En rémission d’un double cancer, Gail Thomas, qui pensait tous les jours à la mort et se sentait « coupée du monde » et « perpétuellement sur ses gardes », avait été adressée à l’équipe de recherche par son infirmière. « On m’offrait quatre mois de psycho­thérapie, et peut-être le premier “trip” de ma vie. Avec sa veste en tweed et son air de prof intello, Steve inspirait tellement confiance que j’ai dit oui immédiatement. »
Transcendance et amour universel
La quarantaine chic, Steve Ross, l’intéressé, nous reçoit dans le laboratoire de l’hôpital Bellevue où il recrute actuellement des volontaires pour une prochaine étude sur la psilocybine et l’alcoolisme. Un laboratoire, ou plutôt un boudoir, avec statues de Bouddha, livres de philosophie et coussins brodés, « une pièce ­inhabituelle dans l’univers de la psychiatrie », dit-il.
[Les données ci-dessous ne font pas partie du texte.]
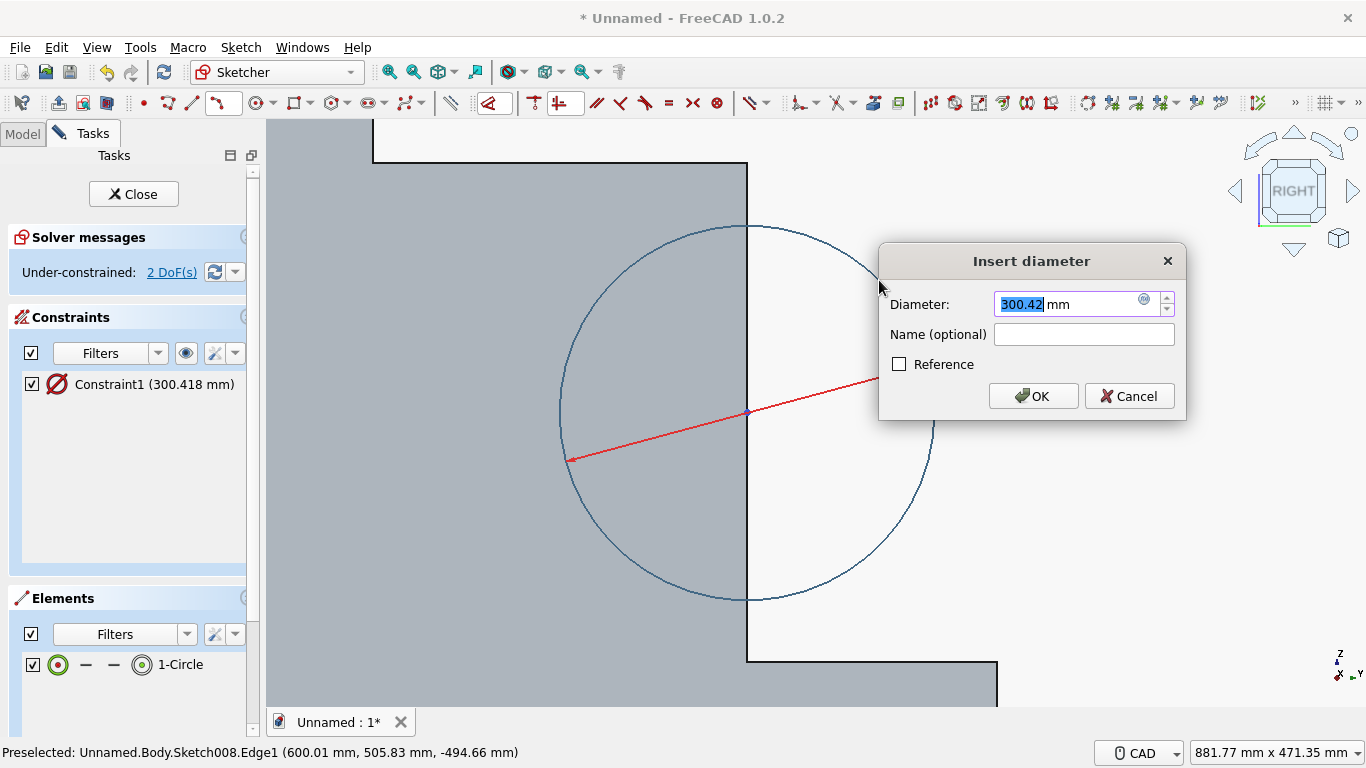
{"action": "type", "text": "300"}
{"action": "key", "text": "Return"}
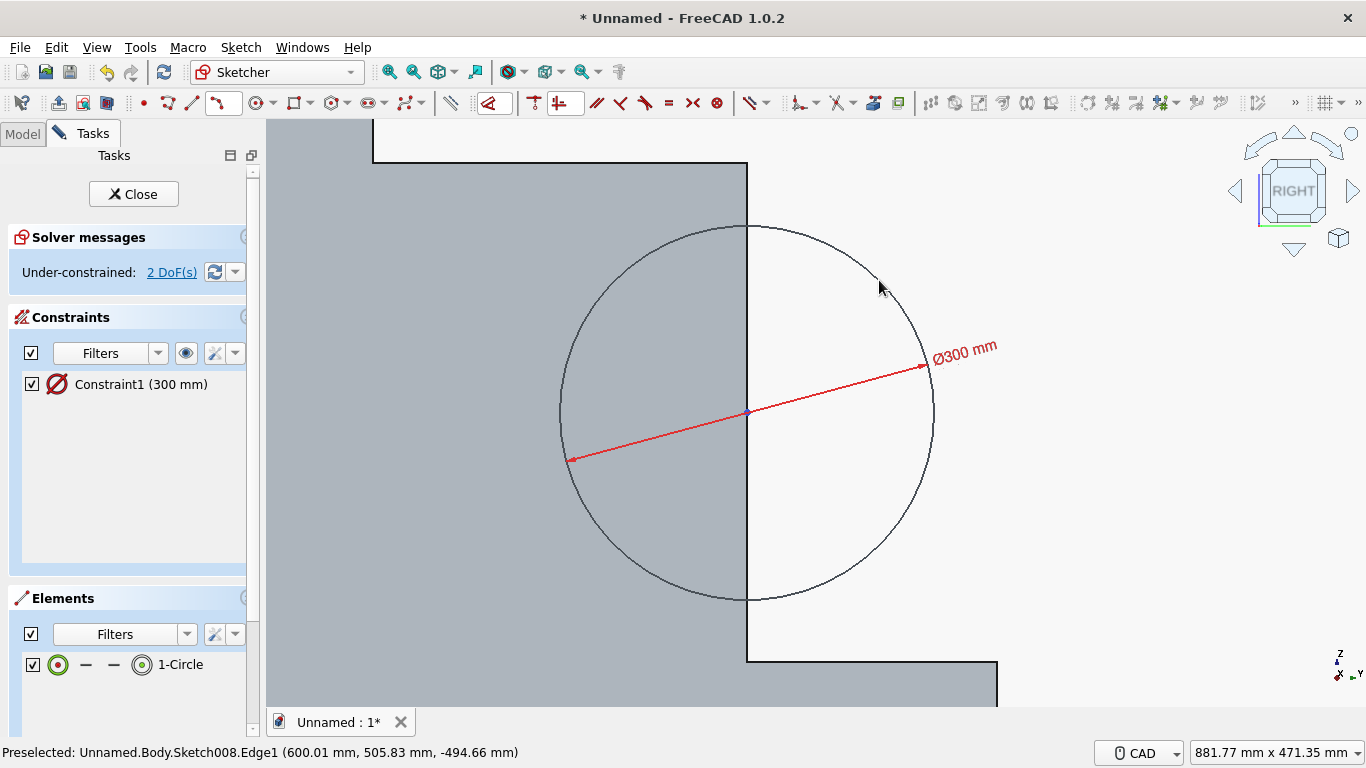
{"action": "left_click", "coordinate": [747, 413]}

Les cobayes sont invités à y apporter des objets personnels le jour du traitement. En cas de « mauvais trip », les médecins tiennent un antidote à leur disposition (du Zyprexa, un antipsychotique). Jusqu’ici, personne ne l’a jamais demandé. « Un tiers des patients ressentent des angoisses passagères, mais on les prépare à affronter leurs peurs, car c’est propice à la guérison », indique le psychiatre. « En général, ils “rencontrent” leur cancer soit en voyageant à l’intérieur de leur corps, soit sous une forme ­symbolique, comme un nuage noir. Certains font l’expérience de leur mort, un peu comme une répétition générale. La plupart découvrent une forme de transcendance ou d’amour universel. »
Les résultats de son étude ne seront publiés qu’à la fin de l’année, mais le chercheur dit avoir constaté « une baisse immédiate et durable » de l’anxiété dans le groupe traité à la psilocybine. « Certains disent qu’ils n’ont plus peur de mourir. »
Des drogues faiblement addictives
Peut-on soigner avec des drogues hallucinogènes ? Utiliser du LSD pour apaiser la détresse des mourants ? De lakétamine pour adoucir des dépressions résistantes ? Du MDMA (ou ecstasy) pour combattre le stress post-traumatique ?
Steve Ross fait partie d’une petite communauté de psychiatres qui cherchent des réponses à ces questions, orchestrant, depuis les meilleures institutions hospitalo-universitaires américaines (NYU, Johns Hopkins, Mount Sinai, UCLA), la renaissance d’une pratique encore taboue dans le reste du monde.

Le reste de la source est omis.